New pitch: When cricketers turn raconteurs
Raconteuring is an art form that does not come easily to everybody. Holding the attention of an audience for an hour or more requires not just felicity with words, but a fine sense of timing, and a keen understanding of what people expectUpdated: Dec 06, 2019 02:12 IST
Farokh Engineer was in roaring form as keynote speaker at the 11th Dilip Sardesai Memorial Lecture the other day at the CCI, reeling off stories and anecdotes as rapidly as he would score runs in his heyday. I can’t remember a single voice saying it wasn’t an evening well spent.
Heading into his mid-80s, Engineer’s once sinewy frame has bloated extraordinarily. Over the past few years, whenever we’ve met, he would joke about his girth himself, claiming righteously that Parsi genes have ensured his good health, which is why he has never stopped having a blast!
Clearly, while the circumference of his waistline has affected his gait, it has not made Engineer’s ready wit rickety or unsteady. Even the skirmish with Diana Edulji, former Indian women’s team captain, was handled dexterously. Edulji was miffed at a recent statement given by Engineer, claiming that those in the recently dissolved Committee Of Administrators did not know much about the game. Edulji had reason to feel aggrieved, having played 30 Tests herself. Engineer extricated himself from a precarious foot-in-mouth situation with deft wordplay, assuaging Edulji’s feelings and also keeping the audience amused.
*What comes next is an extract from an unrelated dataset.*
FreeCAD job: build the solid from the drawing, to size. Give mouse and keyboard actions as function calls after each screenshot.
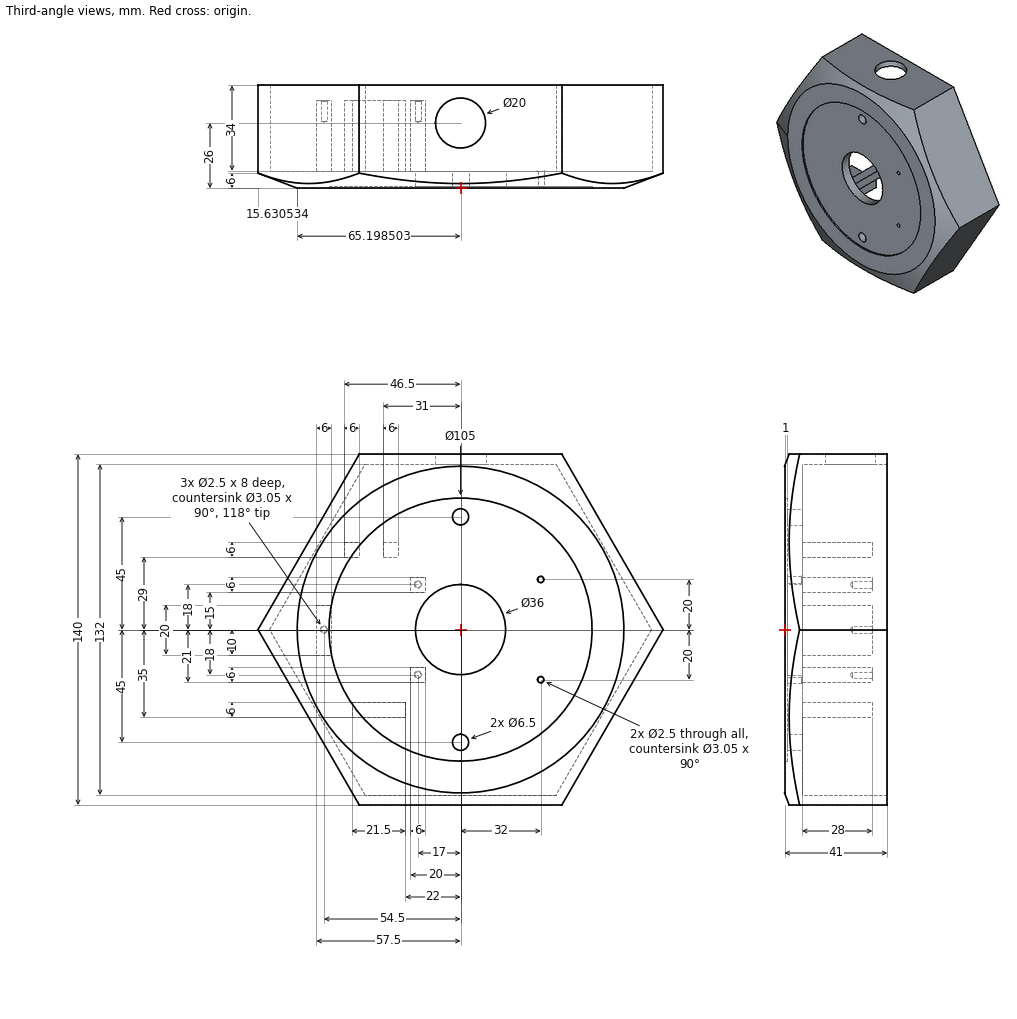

Raconteuring is an art form that does not come easily to everybody. The skill is rare. Holding the attention of an audience for an hour or more requires not just felicity with words, but a fine sense of timing, and a keen understanding of what people expect. There is no bigger turn-off than insipid conversation with the audience, however meaningful the context or occasion. An accomplished storyteller might jumble facts and mix metaphors, but will carry the day if he has the ‘pulse’ of his audience. A sense of humour, with ability to laugh at oneself, is a decided advantage.
I’ve often wondered whether cricketers make better raconteurs than those from other disciplines. There is no study or research to suggest this, of course, so detractors please don’t start hurling admonitions. Yet the fact that cricket is played over so much time (Tests particularly) gives much more opportunity surely for interactions and interplays that can make for rich anecdotes. Think of the amount of time the slip fielders and wicketkeeper spend together in a series!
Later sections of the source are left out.